Store these in the variables ```ft_doc_embeddings```, ```w2v_doc_embeddings``` and ```tfidf_doc_embeddings```

In [9]:
def bagOfWords(model: VectorModel, doc: List[str]) -> np.ndarray:
    '''
    Create a document embedding using the bag of words approach
    
    Args:
        model     -- The embedding model to use
        doc       -- A document as a list of tokens
        
    Returns:
        embedding -- The embedding for the document as a single vector 
    '''
    embeddings = [np.zeros(model.vector_size())]
    n_tokens = 0
    for token in doc:
        embedding = model.embed(token)
        if embedding is not None:
            n_tokens += 1
            embeddings.append(embedding)
    if n_tokens > 0:
        return sum(embeddings)/n_tokens
    return sum(embeddings)


ft_doc_embeddings = dict()
w2v_doc_embeddings = dict()
tfidf_doc_embeddings = dict()

model_1 = VectorModel(w2v_vectors)
model_2 = VectorModel(ft_vectors)
model_3 = VectorModel(tfidf_vectors)

# WHAT IS THE CATCH HERE???
for doc in reviews:
    w2v_doc_embeddings[doc['id']] = bagOfWords(model_1, doc['tokens'])
    ft_doc_embeddings[doc['id']] = bagOfWords(model_2, doc['tokens'])
    tfidf_doc_embeddings[doc['id']] = bagOfWords(model_3, doc['tokens'])

In [10]:
# This is a test cell, please ignore it


## Document Embeddings B) [10 points]

Create a vector model from each of the document embedding dictionaries. Call these ```model_w2v_doc```, ```model_ft_doc``` and ```model_tfidf_doc```.

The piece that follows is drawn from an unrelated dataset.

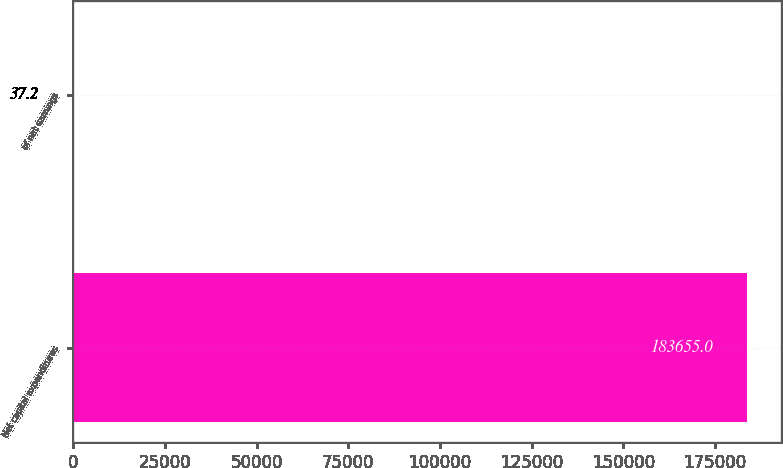Convert chart to OTSL. <chart><loc_0><loc_0><loc_500><loc_500><bar_chart><fcel>Net capital expenditures<fcel>of net earnings<nl><fcel>183655<fcel>37.2<nl></chart>

Now find the most similar document (```top_n=1```) for document $438$ with each of these models. Print the text for each of the most similar reviews.

In [13]:
# First find the text for review 438
def find_doc(doc_id, reviews):
    for review in reviews:
        if review['id'] == doc_id:
            return review['text']
    
doc_id = 438

# Print it
print('Source document:')
print(find_doc(doc_id, reviews))


# Create the models
model_w2v_doc =  VectorModel(w2v_doc_embeddings)
model_ft_doc = VectorModel(ft_doc_embeddings)
model_tfidf_doc = VectorModel(tfidf_doc_embeddings)

model_w2v_doc.most_similar_vec(model_w2v_doc.vector_dict[438], 2)

print('='*70)
print('Similar document:')
print(find_doc(model_w2v_doc.most_similar_vec(model_w2v_doc.vector_dict[438], 2)[1][0], reviews))

Source document:
Absolutely ridiculously amazing! Chicken Tikka masala was perfect. Best I've ever had!
Similar document:
I think I've been spoiled by eating delicious quesadillas quite frequently because the chicken quesadilla I ate was sub par.  It was greasy and the quality of chicken was not impressive. I gave an extra star because you can choose the fillings and those were fresh.